Samuel Neiger, Respondent,
v
City of New York et al., Defendants, and New York City Transit Authority et al., Appellants.

—[*1] Wallace D. Gossett, Brooklyn, N.Y. (Anita Isola of counsel), for appellants.

In an action to recover damages for personal injuries, etc., the defendants New York City Transit Authority and Metropolitan Transportation Authority appeal from an order of the Supreme Court, Kings County (Hinds-Radix, J.), dated October 10, 2007, which denied their motion, in effect, to vacate so much of a "pre-calendar order" of the same court dated December 14, 2006, as directed the defendant New York City Transit Authority to produce any incident reports, driving records, and/or disciplinary reports regarding a named individual for in camera inspection.

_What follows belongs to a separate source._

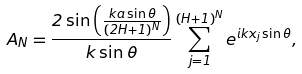<formula> <loc_0><loc_0><loc_500><loc_500>A _ { N } = \frac { 2 \sin \left ( \frac { k a \sin \theta } { ( 2 H + 1 ) ^ { N } } \right ) } { k \sin \theta } \sum _ { j = 1 } ^ { ( H + 1 ) ^ { N } } e ^ { i k x _ { j } \sin \theta } ,</formula> 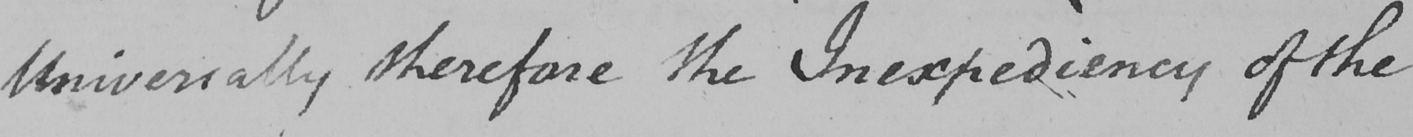Can you tell me what this handwritten text says? Universally therefore the Inexpediency of the

Ordered that the order is reversed, on the law, with costs, and the motion of the defendants New York City Transit Authority and Metropolitan Transportation Authority, in effect, to vacate so much of the precalendar order dated December 14, 2006, as directed the defendant New York City Transit Authority to produce any incident reports, driving records, and/or disciplinary reports regarding a named individual for in camera inspection is granted.

The Supreme Court erred in denying the appellants' motion, in effect, to vacate so much of the precalendar order dated December 14, 2006, as directed the defendant New York City Transit Authority (hereinafter the NYCTA) to produce for in camera inspection any incident reports, driving records, and/or disciplinary reports of a named individual who was operating the NYCTA bus in which the plaintiff's decedent allegedly was injured. Generally, where an employee is acting within the scope of his or her employment, the employer is liable for the employee's negligence under a theory of respondeat superior and the plaintiff may not proceed with a cause of action to recover damages for negligent hiring and retention (see Ashley v City of New York, 7 AD3d 742, 743 [2004]; Karoon v New York City Tr. Auth., 241 AD2d 323, 324 [1997]; Eifert v Bush, 27 AD2d 950, 951 [1967], affd 22 NY2d 681 [1968]). Since the appellants conceded that the bus driver was acting within the scope of his employment when the accident occurred, the personnel records of the bus driver were not discoverable (see Gerardi v Nassau/Suffolk Airport Connection, 288 AD2d 181 [2001]; Halina Yin Fong Chow v Long Is. R.R., 264 AD2d 759, 760 [1999]; Stevens v Metropolitan Suburban Bus Auth., 117 AD2d 733 [1986]). Furthermore, the plaintiffs failed to show any other basis to justify the granting of their request for the personnel records (see Reynolds v Vin Dac Pham, 212 AD2d 991 [1995]). Skelos, J.P., Dillon, Angiolillo, Eng and Sgroi, JJ., concur.